Jetzt erzählte eine andere Studentin ihr schlimmstes Erlebnis mit ihrem jüngeren Bruder. Er war in eine andere Stadt gezogen. Dort wollte er das Abitur nachmachen. Sie hatten längere Zeit nichts mehr voneinander gehört. Eines Tages bekam sie von ihm einen Hilferuf. Sie fuhr zu ihm. Als sie seine Wohnung betrat, erschrak sie. Überall standen Flaschen herum. Klaus war betrunken. Er erzählte ihr von dem nicht bestandenen Abitur, von der Freundin, die ihn verlassen hatte, und wie er zum Alkohol gekommen war. Er wusste nicht weiter, das Leben kam ihm sinnlos vor. Er wollte sich umbringen.
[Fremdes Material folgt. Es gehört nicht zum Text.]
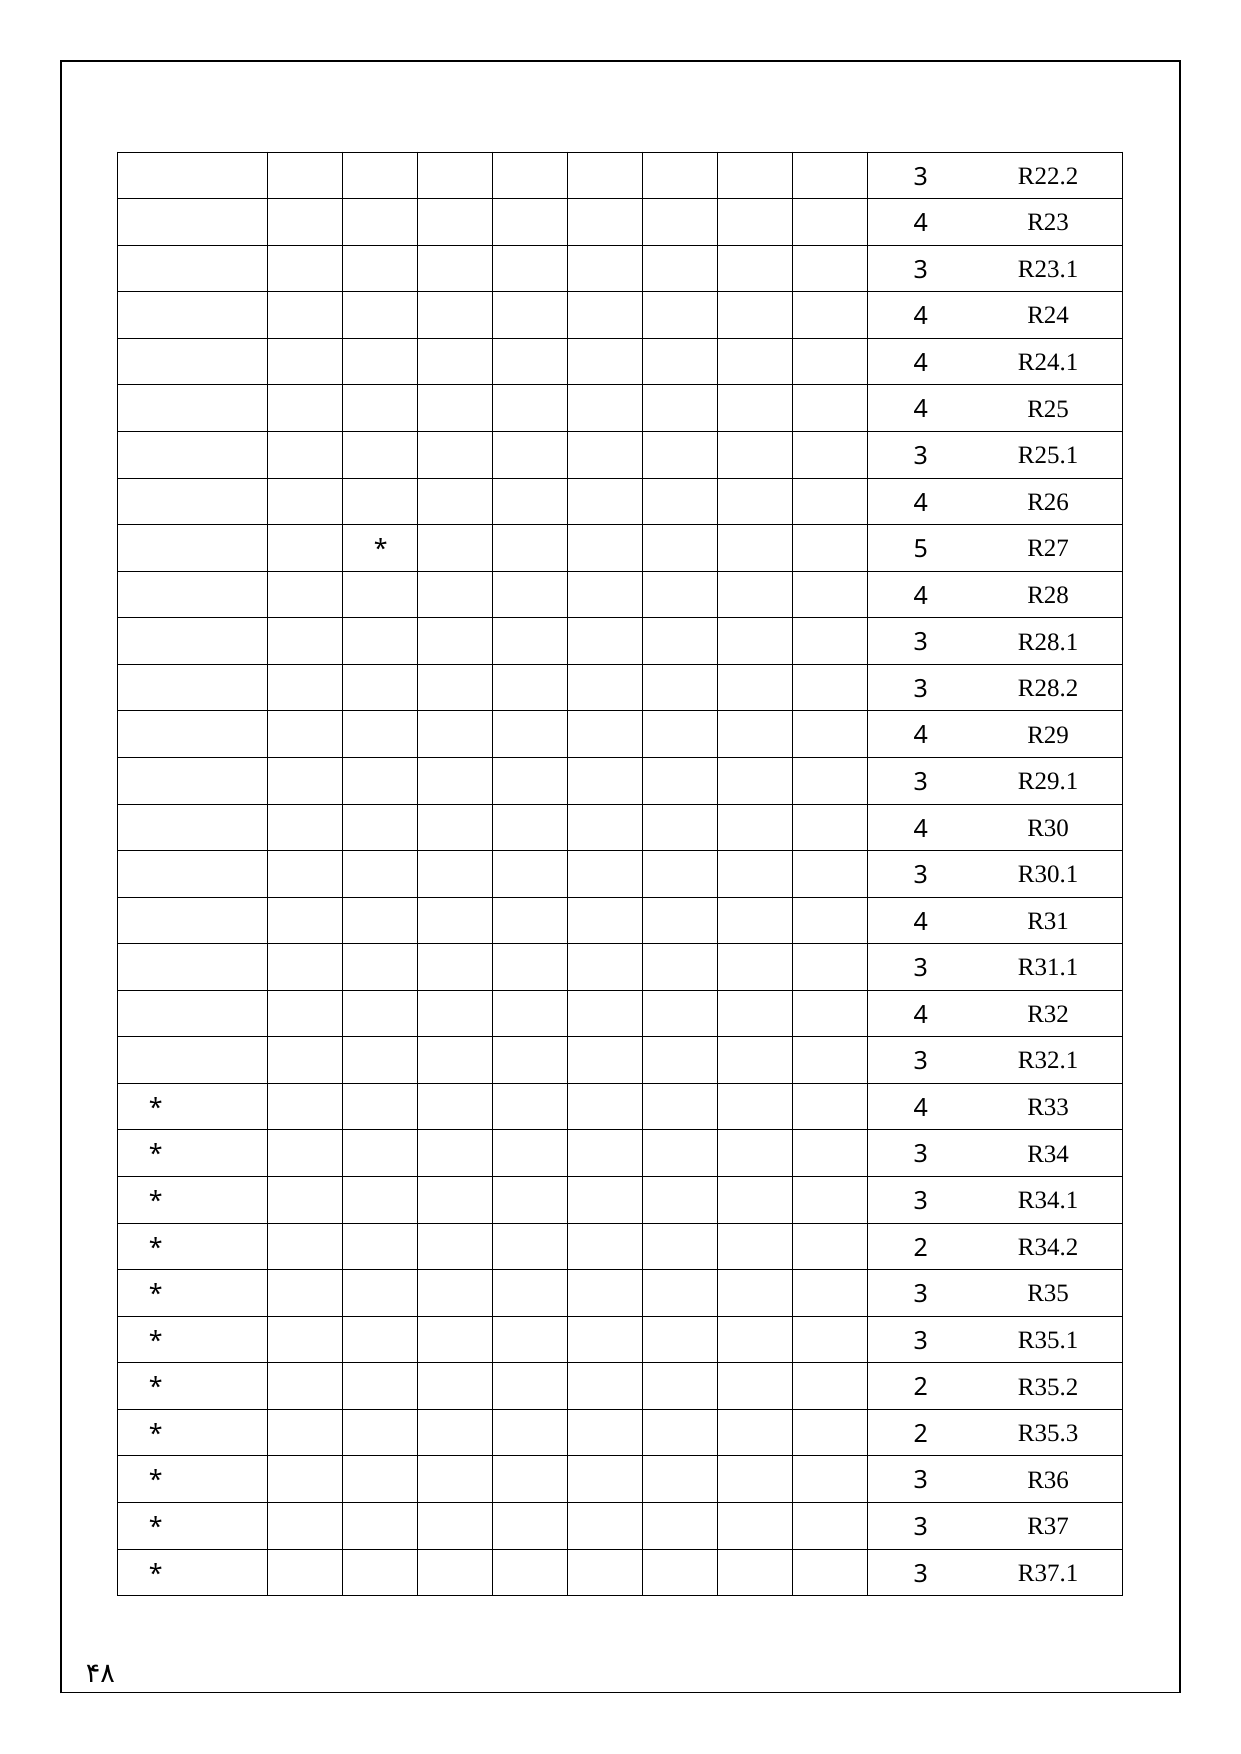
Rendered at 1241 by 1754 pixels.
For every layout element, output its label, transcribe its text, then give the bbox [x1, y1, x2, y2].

»Ich blieb eine Woche bei ihm«, beendete die Studentin ihren Bericht, »wir wanderten in den Bergen, gingen ins Kino, mein Bruder zeigte mir die Stadt. So lange und so vertraut hatten wir seit unserer Kindheit nicht mehr miteinander gesprochen. Mein Bruder ist mir heute noch dankbar und ist überzeugt, dass er ohne meinen damaligen Besuch Selbstmord begangen und ein Jahr später das Abitur nie bestanden hätte. Meine Eltern haben von dieser Krise nie etwas erfahren.«
Die drei literarischen und die drei Alltagsgeschichten zeichnen sich vielleicht nicht zufällig durch ein gemeinsames Kennzeichen aus: den Wegfall oder die Umgehung elterlicher Autorität, Führung und Einflussnahme. Dabei koppelt sich die Geschwistergruppe freiwillig von den Eltern ab oder ist zwangsläufig alleine auf sich gestellt.
8. Geschwisterliebe im mittleren Erwachsenenalter
(30. bis 50. Lebensjahr)
Der Ablösungsprozess von den Eltern am Übergang zum mittleren Erwachsenenalter erfolgt nicht zufällig zu einem Zeitpunkt neuer Rollenfindung. Mit den eigenen Kindern wird die nächste Generation geboren.